TASK DESCRIPTION →
Only one stretch of the material below is wanted: everything from the line containing "Next, the car (186,201,207,215)." down to the line containing "Use one line", both ends included. Repeat it exactly and skip the pictures.
□ □ □ □
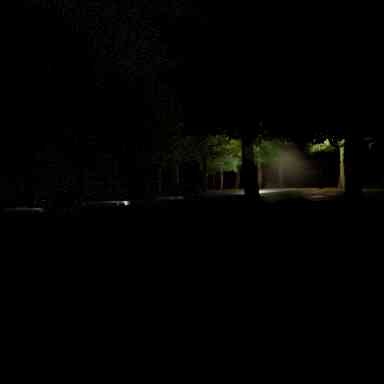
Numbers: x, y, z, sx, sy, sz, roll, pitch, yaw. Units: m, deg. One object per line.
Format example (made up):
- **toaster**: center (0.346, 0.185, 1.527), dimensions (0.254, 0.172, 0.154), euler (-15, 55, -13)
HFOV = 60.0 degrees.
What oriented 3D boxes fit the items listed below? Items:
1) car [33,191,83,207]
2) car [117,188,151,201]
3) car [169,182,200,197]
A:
- **car**: center (-13.513, 0.666, 33.731), dimensions (1.837, 1.490, 4.892), euler (-1, 2, 38)
- **car**: center (-7.233, 0.282, 41.878), dimensions (1.812, 1.442, 4.674), euler (-1, 2, 37)
- **car**: center (-1.010, -0.412, 49.957), dimensions (2.150, 2.045, 5.566), euler (-1, 2, 37)
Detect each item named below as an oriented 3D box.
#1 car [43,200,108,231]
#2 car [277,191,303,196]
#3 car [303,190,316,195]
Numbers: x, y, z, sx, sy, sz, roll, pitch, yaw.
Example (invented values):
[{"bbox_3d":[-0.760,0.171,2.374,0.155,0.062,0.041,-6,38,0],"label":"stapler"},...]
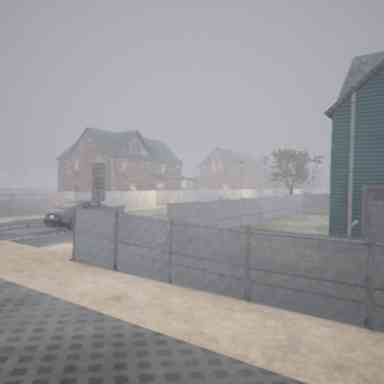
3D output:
[{"bbox_3d":[-5.483,1.115,17.381,1.994,1.385,4.181,2,2,35],"label":"car"},{"bbox_3d":[12.127,0.700,42.259,1.895,1.301,4.718,2,2,36],"label":"car"},{"bbox_3d":[17.693,0.466,50.230,1.837,1.490,4.892,2,2,35],"label":"car"}]
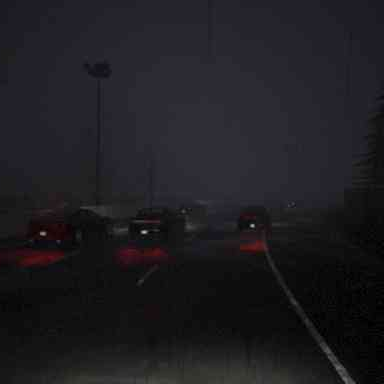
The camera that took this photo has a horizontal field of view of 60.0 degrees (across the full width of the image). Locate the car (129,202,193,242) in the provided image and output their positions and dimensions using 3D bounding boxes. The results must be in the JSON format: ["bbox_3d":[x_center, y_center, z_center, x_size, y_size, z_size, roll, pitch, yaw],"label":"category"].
[{"bbox_3d":[-1.571,1.485,16.506,2.128,1.511,4.902,0,0,11],"label":"car"}]

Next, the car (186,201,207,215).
[{"bbox_3d":[0.004,1.599,34.253,1.895,1.301,4.718,0,0,22],"label":"car"}]

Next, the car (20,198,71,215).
[{"bbox_3d":[-14.996,1.426,34.445,1.882,1.535,5.008,0,0,19],"label":"car"}]

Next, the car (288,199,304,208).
[{"bbox_3d":[14.746,1.648,48.069,1.895,1.301,4.718,0,0,35],"label":"car"}]

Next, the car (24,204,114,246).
[{"bbox_3d":[-5.349,1.459,15.318,1.882,1.535,5.008,0,0,10],"label":"car"}]

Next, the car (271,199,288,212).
[{"bbox_3d":[9.311,1.630,38.447,1.895,1.301,4.718,0,0,29],"label":"car"}]

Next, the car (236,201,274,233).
[{"bbox_3d":[3.739,1.517,19.759,1.837,1.490,4.892,0,0,14],"label":"car"}]
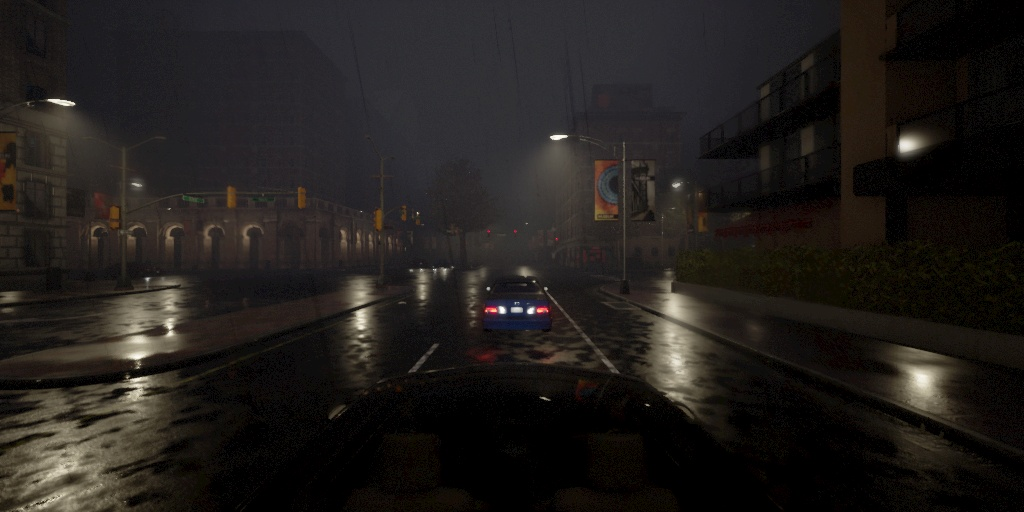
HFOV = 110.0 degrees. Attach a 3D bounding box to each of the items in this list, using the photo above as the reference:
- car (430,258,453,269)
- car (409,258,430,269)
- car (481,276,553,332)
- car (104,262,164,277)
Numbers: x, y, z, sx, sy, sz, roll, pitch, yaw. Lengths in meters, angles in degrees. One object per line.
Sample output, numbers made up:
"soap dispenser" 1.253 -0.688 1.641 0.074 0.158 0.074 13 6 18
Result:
"car" -11.062 1.273 56.732 1.812 1.442 4.674 0 0 1
"car" -14.646 1.099 56.827 2.097 1.767 4.553 0 0 2
"car" 0.150 1.297 10.819 2.033 1.411 5.357 0 0 1
"car" -36.561 1.274 34.666 4.674 1.442 1.812 0 0 0
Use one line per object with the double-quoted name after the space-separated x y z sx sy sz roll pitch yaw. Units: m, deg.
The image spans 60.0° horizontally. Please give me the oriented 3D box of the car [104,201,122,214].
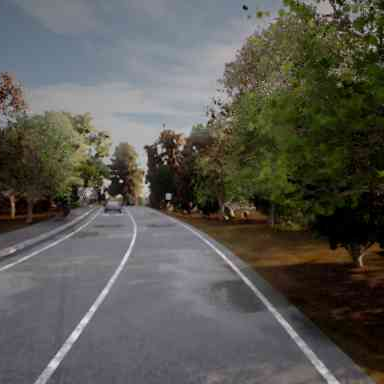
-9.255 1.750 39.056 1.812 1.442 4.674 1 0 -13 "car"
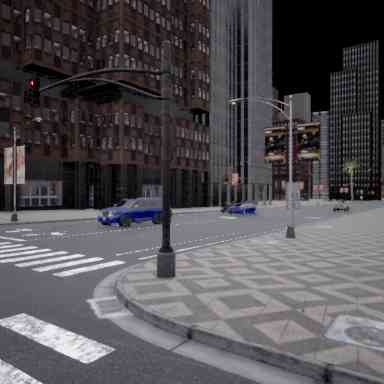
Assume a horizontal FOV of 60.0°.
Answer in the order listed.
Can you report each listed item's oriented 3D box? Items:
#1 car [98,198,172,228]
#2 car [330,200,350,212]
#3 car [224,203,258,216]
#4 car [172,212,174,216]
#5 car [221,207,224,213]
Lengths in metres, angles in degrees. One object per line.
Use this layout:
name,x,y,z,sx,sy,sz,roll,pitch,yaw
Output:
car,-4.339,1.506,24.883,2.150,2.045,5.566,0,-1,36
car,24.184,2.430,53.688,2.033,1.411,5.357,0,-1,34
car,6.173,2.027,39.763,1.882,1.535,5.008,0,-1,35
car,-3.943,1.904,31.085,2.033,1.411,5.357,0,-1,35
car,5.522,2.160,44.463,1.994,1.385,4.181,0,-1,35
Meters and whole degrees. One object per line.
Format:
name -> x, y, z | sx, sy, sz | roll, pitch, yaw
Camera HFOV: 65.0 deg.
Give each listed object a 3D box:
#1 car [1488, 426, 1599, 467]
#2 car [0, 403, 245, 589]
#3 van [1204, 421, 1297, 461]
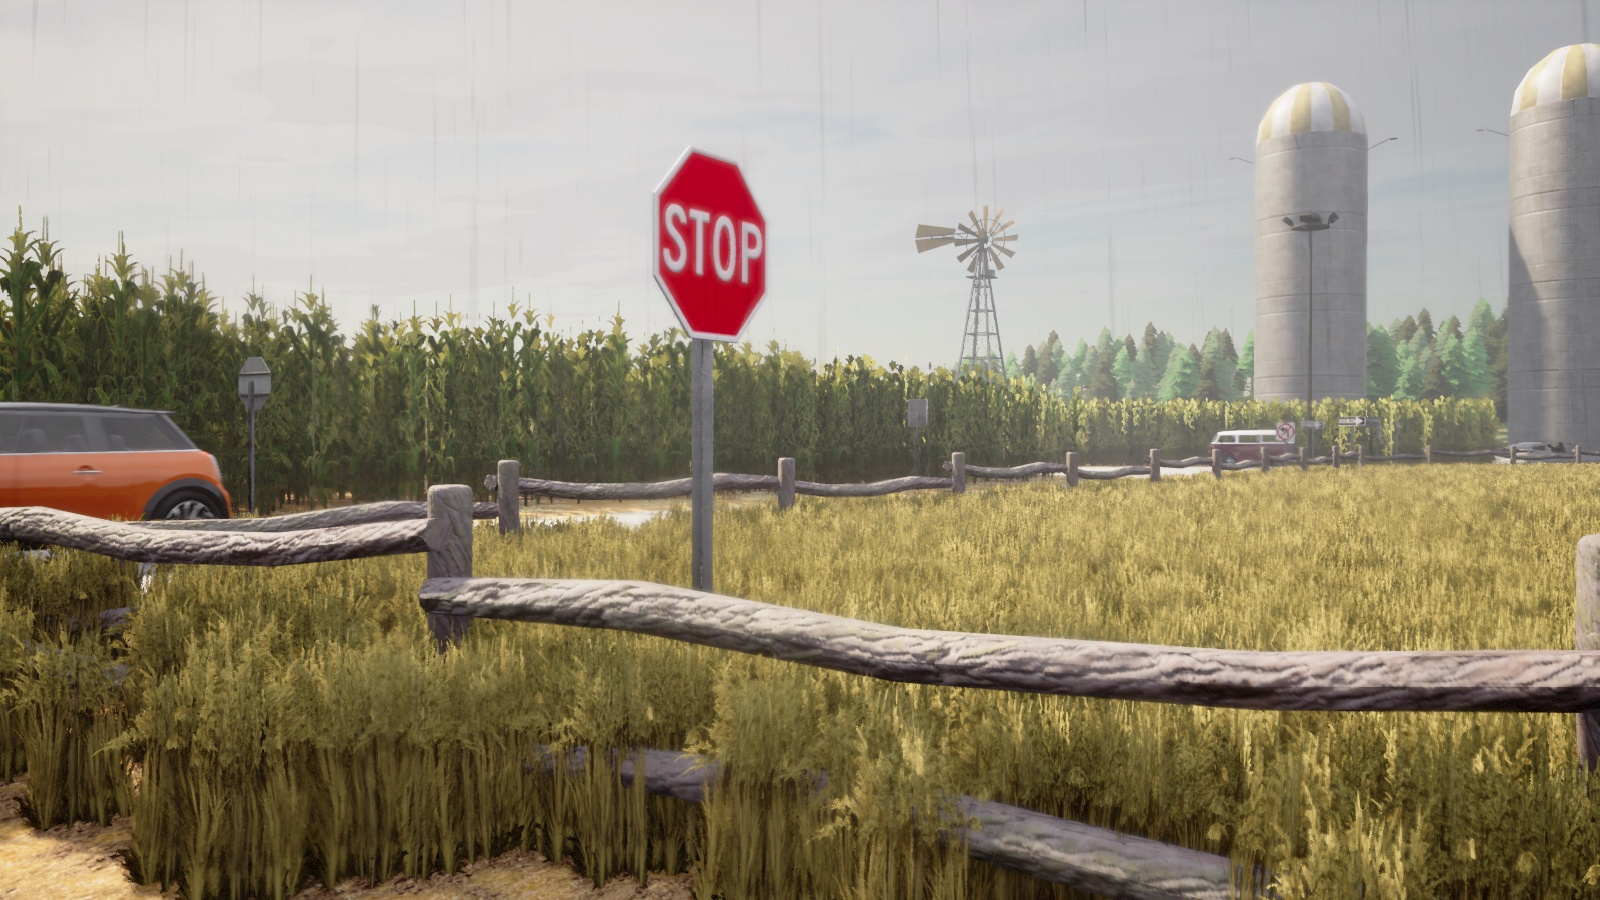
car -> 29.718, -0.170, 49.527 | 4.514, 1.525, 2.007 | -1, 0, -20
car -> -8.363, 0.443, 12.750 | 2.097, 1.767, 4.553 | -1, 0, 34
van -> 24.177, -0.482, 67.581 | 4.480, 2.038, 2.069 | -1, 0, 12
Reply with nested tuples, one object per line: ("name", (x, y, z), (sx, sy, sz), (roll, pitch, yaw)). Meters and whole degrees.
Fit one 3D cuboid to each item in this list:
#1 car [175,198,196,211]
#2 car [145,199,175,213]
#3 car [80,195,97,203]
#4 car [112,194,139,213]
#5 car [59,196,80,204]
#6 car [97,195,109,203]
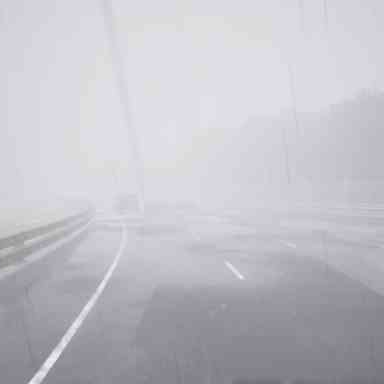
("car", (-1.168, 1.471, 40.158), (1.882, 1.535, 5.008), (0, 0, -22))
("car", (-4.050, 1.500, 37.882), (2.128, 1.511, 4.902), (0, 0, -21))
("car", (-21.772, 1.415, 67.431), (1.882, 1.535, 5.008), (0, 0, -41))
("car", (-7.492, 1.246, 37.224), (2.150, 2.045, 5.566), (0, 0, -22))
("car", (-24.448, 1.476, 65.175), (2.128, 1.511, 4.902), (0, 0, -41))
("car", (-18.876, 1.425, 69.463), (1.837, 1.490, 4.892), (0, 0, -38))
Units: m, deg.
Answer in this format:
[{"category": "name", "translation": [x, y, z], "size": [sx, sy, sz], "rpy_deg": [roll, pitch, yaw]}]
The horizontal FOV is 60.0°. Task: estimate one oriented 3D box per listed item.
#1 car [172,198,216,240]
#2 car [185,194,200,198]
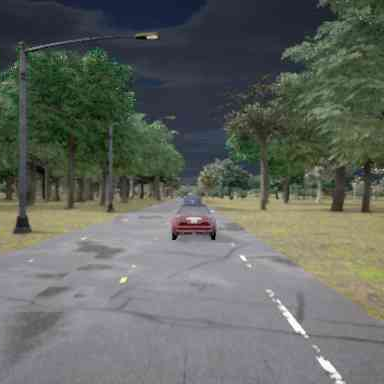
□ □ □ □
SOLUTION TO THE PROBLEM →
Next, the car (186,201,207,215).
[{"bbox_3d":[0.004,1.599,34.253,1.895,1.301,4.718,0,0,22],"label":"car"}]

Next, the car (20,198,71,215).
[{"bbox_3d":[-14.996,1.426,34.445,1.882,1.535,5.008,0,0,19],"label":"car"}]

Next, the car (288,199,304,208).
[{"bbox_3d":[14.746,1.648,48.069,1.895,1.301,4.718,0,0,35],"label":"car"}]

Next, the car (24,204,114,246).
[{"bbox_3d":[-5.349,1.459,15.318,1.882,1.535,5.008,0,0,10],"label":"car"}]

Next, the car (271,199,288,212).
[{"bbox_3d":[9.311,1.630,38.447,1.895,1.301,4.718,0,0,29],"label":"car"}]

Next, the car (236,201,274,233).
[{"bbox_3d":[3.739,1.517,19.759,1.837,1.490,4.892,0,0,14],"label":"car"}]
HFOV = 110.0 degrees. Attach a 3D bounding box to each of the items in this list, using the photo above as the reference:
- car (430,258,453,269)
- car (409,258,430,269)
- car (481,276,553,332)
- car (104,262,164,277)
Numbers: x, y, z, sx, sy, sz, roll, pitch, yaw. Lengths in meters, angles in degrees. One object per line.
Sample output, numbers made up:
"soap dispenser" 1.253 -0.688 1.641 0.074 0.158 0.074 13 6 18
Result:
"car" -11.062 1.273 56.732 1.812 1.442 4.674 0 0 1
"car" -14.646 1.099 56.827 2.097 1.767 4.553 0 0 2
"car" 0.150 1.297 10.819 2.033 1.411 5.357 0 0 1
"car" -36.561 1.274 34.666 4.674 1.442 1.812 0 0 0
Use one line per object with the double-quoted name after the space-separated x y z sx sy sz roll pitch yaw. Units: m, deg.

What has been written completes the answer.